You, reader, will almost certainly point to Curtis Mayfield's Superfly soundtrack and mistakenly draw some comparison, but you are wrong. Mayfield's creation was blaxploitation boogie, by the numbers. Hayes constructed a piece of music that could tell the story of man apart, navigating a world of contradictions.

For me, Mayfield's theme for Superfly was contrived and derivative. (A PSA as powerful as "Freddie's Dead," however, has yet to be written.)

In 1968, I don't think we'd ever heard a tune embody the motions and emotions of the quintessential unreconstructed black man: Even when you hear Hayes' opening guitar riff today, you just know there's a bad motor-scooter in the vicinity, and the bass thumps with such authority as to make lesser men's balls shrink up.
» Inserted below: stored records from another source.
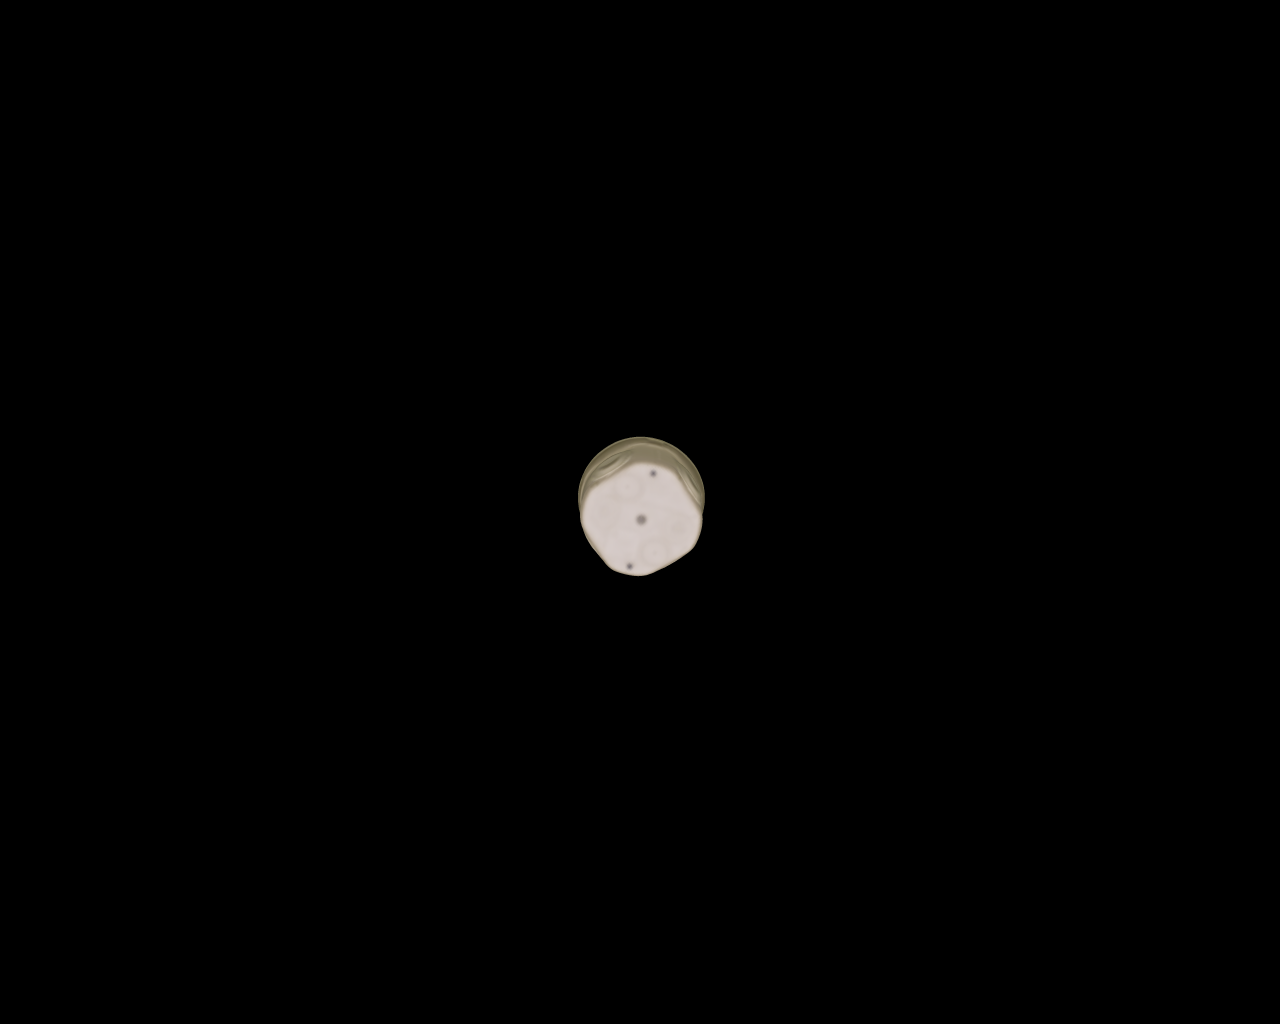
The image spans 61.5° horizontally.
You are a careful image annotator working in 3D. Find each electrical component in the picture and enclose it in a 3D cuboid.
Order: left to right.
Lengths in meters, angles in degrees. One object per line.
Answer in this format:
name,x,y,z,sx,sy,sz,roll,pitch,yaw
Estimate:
electrical component,0.001,-0.003,0.650,0.080,0.080,0.051,0,18,0

They can't handle the truth, the audacity of Hayes to orchestrate this ghetto libretto, with strings singing and horns bleating out a warning, a greeting, a flirtation. This is more than music. "The Theme from Shaft" is the sound of the street. In its time, it was threatening, frightening. Militant and revolutionary.
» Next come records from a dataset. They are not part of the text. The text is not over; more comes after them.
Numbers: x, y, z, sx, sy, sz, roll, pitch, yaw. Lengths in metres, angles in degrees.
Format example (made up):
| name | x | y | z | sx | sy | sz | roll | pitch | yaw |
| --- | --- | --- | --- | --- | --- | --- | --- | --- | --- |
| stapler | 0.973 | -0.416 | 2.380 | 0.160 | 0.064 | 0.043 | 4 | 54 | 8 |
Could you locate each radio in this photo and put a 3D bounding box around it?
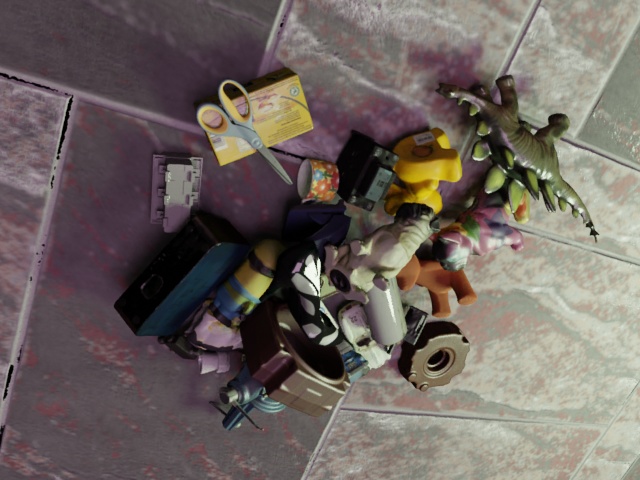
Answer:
| name | x | y | z | sx | sy | sz | roll | pitch | yaw |
| --- | --- | --- | --- | --- | --- | --- | --- | --- | --- |
| radio | -0.236 | 0.064 | 0.926 | 0.229 | 0.073 | 0.131 | -48 | 163 | 7 |

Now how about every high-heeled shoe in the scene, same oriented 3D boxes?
| name | x | y | z | sx | sy | sz | roll | pitch | yaw |
| --- | --- | --- | --- | --- | --- | --- | --- | --- | --- |
| high-heeled shoe | 0.001 | 0.098 | 0.964 | 0.145 | 0.086 | 0.248 | -44 | 131 | 10 |

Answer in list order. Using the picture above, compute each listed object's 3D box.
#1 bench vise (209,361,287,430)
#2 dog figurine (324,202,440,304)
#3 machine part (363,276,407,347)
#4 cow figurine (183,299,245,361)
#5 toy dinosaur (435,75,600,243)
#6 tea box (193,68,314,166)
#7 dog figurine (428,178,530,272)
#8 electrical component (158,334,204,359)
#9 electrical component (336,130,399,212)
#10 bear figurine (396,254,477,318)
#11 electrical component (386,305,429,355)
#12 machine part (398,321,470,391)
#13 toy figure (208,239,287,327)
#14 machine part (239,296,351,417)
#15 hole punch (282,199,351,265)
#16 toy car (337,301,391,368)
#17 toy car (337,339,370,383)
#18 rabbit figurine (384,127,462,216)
| name | x | y | z | sx | sy | sz | roll | pitch | yaw |
| --- | --- | --- | --- | --- | --- | --- | --- | --- | --- |
| bench vise | -0.137 | 0.315 | 1.081 | 0.129 | 0.223 | 0.240 | 42 | 119 | 10 |
| dog figurine | 0.112 | 0.015 | 0.973 | 0.190 | 0.172 | 0.121 | -35 | 104 | -37 |
| machine part | 0.123 | 0.125 | 1.075 | 0.079 | 0.079 | 0.242 | -23 | 123 | -8 |
| cow figurine | -0.178 | 0.191 | 1.055 | 0.167 | 0.068 | 0.098 | 31 | 105 | -29 |
| toy dinosaur | 0.393 | -0.152 | 1.017 | 0.471 | 0.105 | 0.198 | 27 | 69 | -22 |
| tea box | -0.107 | -0.202 | 0.874 | 0.170 | 0.068 | 0.098 | -23 | 122 | -9 |
| dog figurine | 0.303 | -0.035 | 1.068 | 0.219 | 0.109 | 0.191 | -2 | 102 | -29 |
| electrical component | -0.265 | 0.202 | 1.024 | 0.063 | 0.094 | 0.021 | 52 | 50 | -34 |
| electrical component | 0.078 | -0.120 | 0.949 | 0.058 | 0.134 | 0.114 | 15 | 108 | -28 |
| bear figurine | 0.208 | 0.080 | 1.110 | 0.196 | 0.132 | 0.120 | 9 | 147 | -32 |
| electrical component | 0.192 | 0.204 | 1.172 | 0.119 | 0.048 | 0.074 | -62 | 165 | -7 |
| machine part | 0.274 | 0.277 | 1.282 | 0.179 | 0.056 | 0.179 | -9 | 119 | -18 |
| toy figure | -0.124 | 0.077 | 0.968 | 0.180 | 0.089 | 0.082 | -44 | 89 | 2 |
| machine part | -0.045 | 0.213 | 1.005 | 0.087 | 0.202 | 0.200 | -45 | 127 | 14 |
| hole punch | -0.002 | -0.003 | 0.984 | 0.116 | 0.092 | 0.142 | -6 | 144 | -16 |
| toy car | 0.099 | 0.214 | 1.181 | 0.073 | 0.056 | 0.201 | -30 | 123 | -4 |
| toy car | 0.029 | 0.259 | 1.143 | 0.109 | 0.161 | 0.103 | -25 | 84 | -26 |
| rabbit figurine | 0.187 | -0.100 | 1.016 | 0.162 | 0.122 | 0.173 | -24 | 139 | -4 |

Not everyone dug it. Tidyman hated, hated, hated the film (model-turned-actor Richard Roundtree was too pretty, and there was too much "black jive" in the D.F. Black rewrite for his taste) and he especially hated the soundtrack. His son, Nathaniel Rayle, recalled for me how his father would make fun of the horns, of Hayes' call and response with the ladies.


Even after it won him a NAACP Image Award, Tidyman had a complicated relationship with his creation. He resented the film, resented the actors, resented the rewrite, and was confused and politely put-off by what Shaft had become to a generation of blacks. He hadn't written the novel to be politicized and most definitely despised the music. He was content to move on to write "The French Connection" and "High Plains Drifter" and move past it. For him and many others, the film and its hero became a caricature of a black man they crammed to understand, and the music created its own lampoon along with it. Maybe Hayes got caught in that spin, too.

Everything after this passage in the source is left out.